Het was op initiatief van NYAC dat in de jaren 1880 de "Amateur Athletic Union" (AAU) werd opgericht. In 1987 werden er voor het eerst vrouwen toegelaten als lid.
Een abstract uit een artikel van de New York Times van 1890:
“De voltooiïng van de Croton Aquaduct zorgde ervoor dat in de city heel wat indoor zwembaden konden gebouwd worden. Nu, in de late 19de eeuw, is het lidmaatschap bij één van de New York's Athletic clubs meer een symbool van elitaire sociale stand dan een weerspiegeling van atletisch talent”
De club bezit ook nog een zomerverblijf op Travers Island, dat zich uitstrekt aan de grens van New Rochelle en Pelmham Manor, dat werd aangekocht door de Wall Street tycoon William R. Travers (1819-1887), die op dat ogenblik voorzitter was van de club.
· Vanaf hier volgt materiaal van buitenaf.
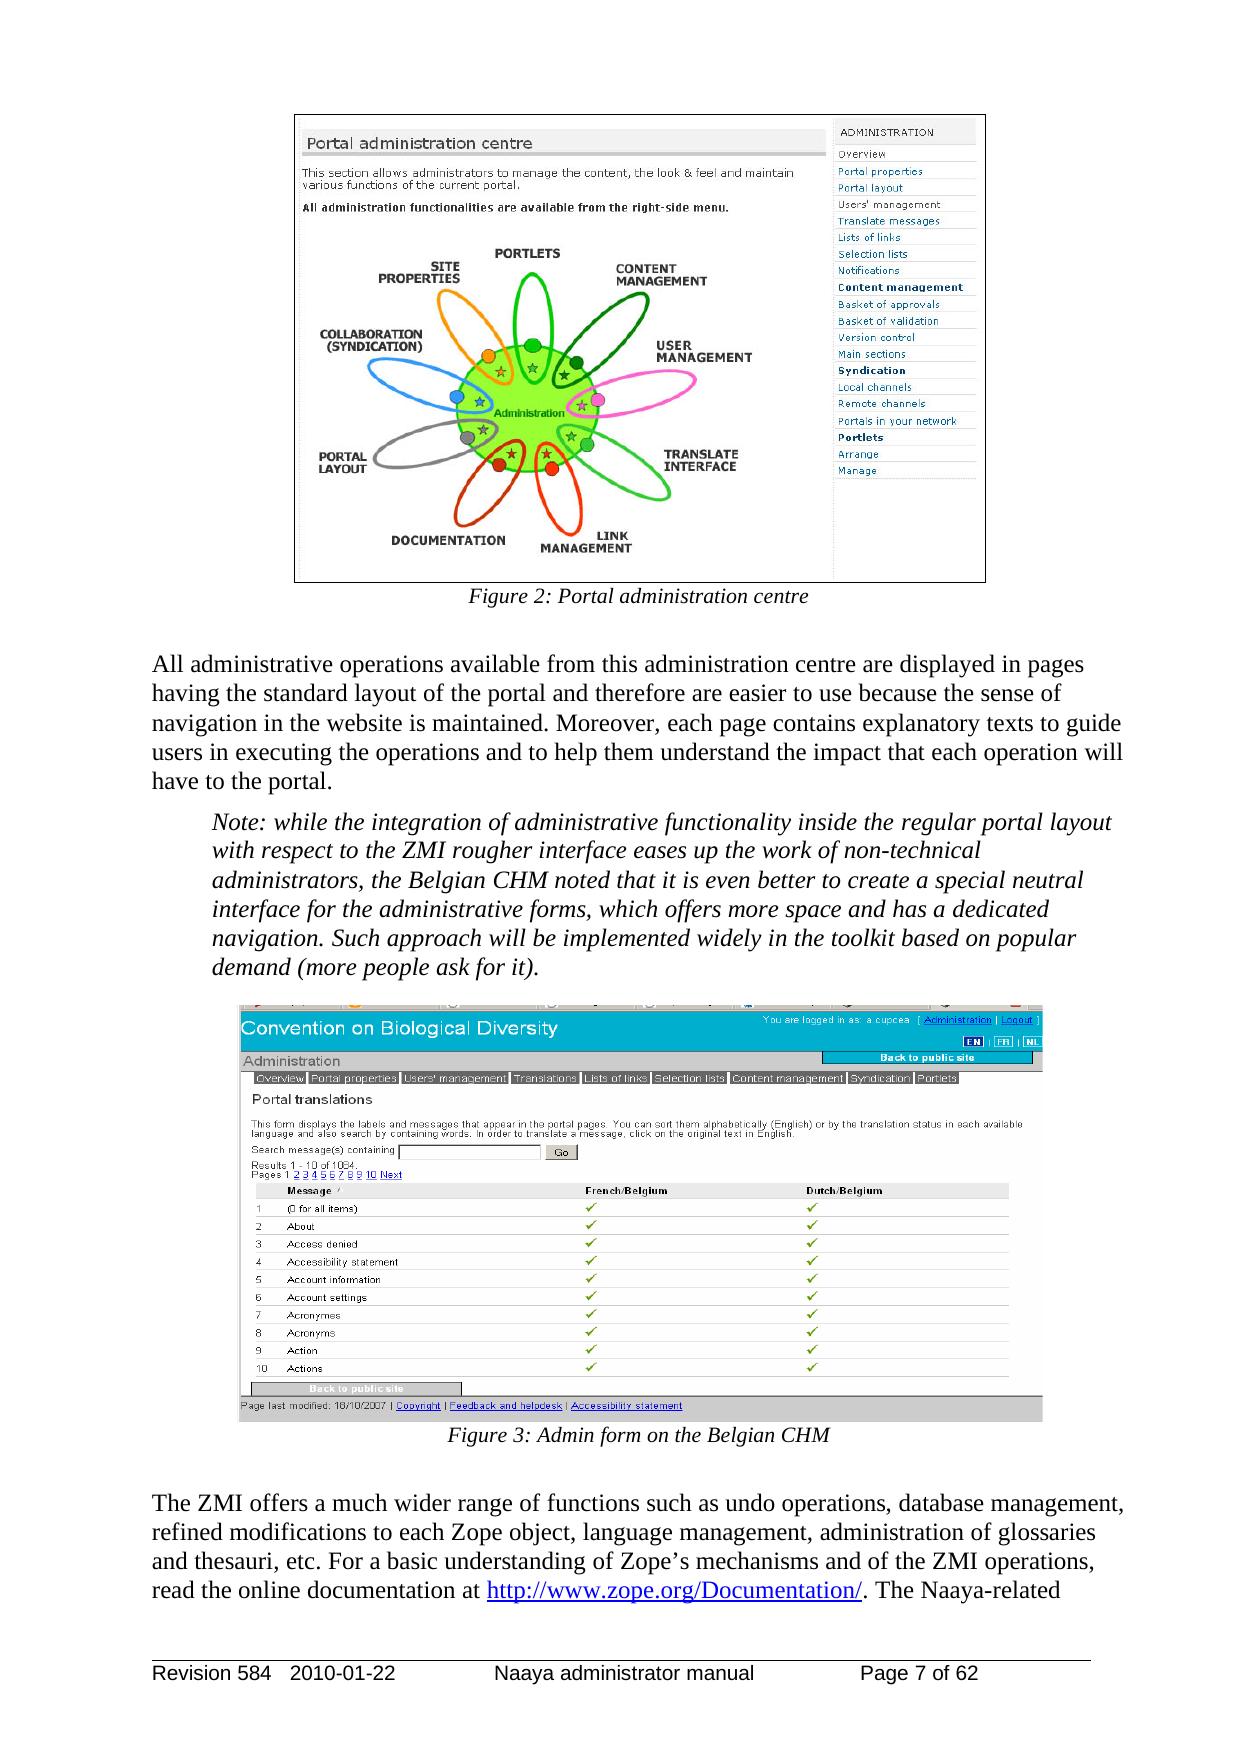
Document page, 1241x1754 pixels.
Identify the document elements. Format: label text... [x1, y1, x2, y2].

Travers was oorspronkelijk advocaat, maar verdiende een fortuin op Wall Street. Als dank voor zijn enorme bijdrage werd Long Island Sound omgedoopt tot Travers Island. Zelf was de man ook een ‘fighter’ zijn negen kinderen zijn er het bewijs van. Het geheel bestaat uit een hoofdgebouw met meerdere bijgebouwen uitgestrekt over 1,2 ha grond. Je vindt er tevens een olympisch bad met zoutwater en je kan er ook tennissen, roeien, zeilen, duiken en rugby, voetbal, croquet en lacrosse spelen.
In de olympische waterpoloploeg van de USA, die in 2008 zilver haalde op de Olympische Spelen van Bejing vindt men drie spelers terug van de NYAC: de legendarische Tony Azevedo (1981-), Rick Merlo (1982) en Merrill Moses (1977-).
NYAC kroonde zich zo maar eventjes 31 keer Amerikaans waterpolokampioen.
Beroemde leden: de stichter van de Benihana restaurants Rocky Aoki (1938-2008), wereldkampioen boksen zwaargewichten Jack Dempsey (1895-1983 ), de stichter van de Bank of America Amedeo P. Giannini (1871-1949), een van de ankermannen bij ABC News Peter Jennings (1938-2005), John F. Kennedy, Jr. (1960-1999), de voormalig uitgever van George magazine en zoon van wijlen President Kennedy, Wellington Mara (1916-2005), de eigenaar van American Footballclub New York Giants, mode ontwerpster Marisol Deluna (1967-), Gavin McLeod (1931) de TV-ster uit de serie 'Love Boat', Charles Osgood (1933-), bekend van CBS News, Mark Simone (1957-), bekende YV en radioreporter en George Steinbrenner (1930-2010), de eigenaar van baseballclub New York Yankees.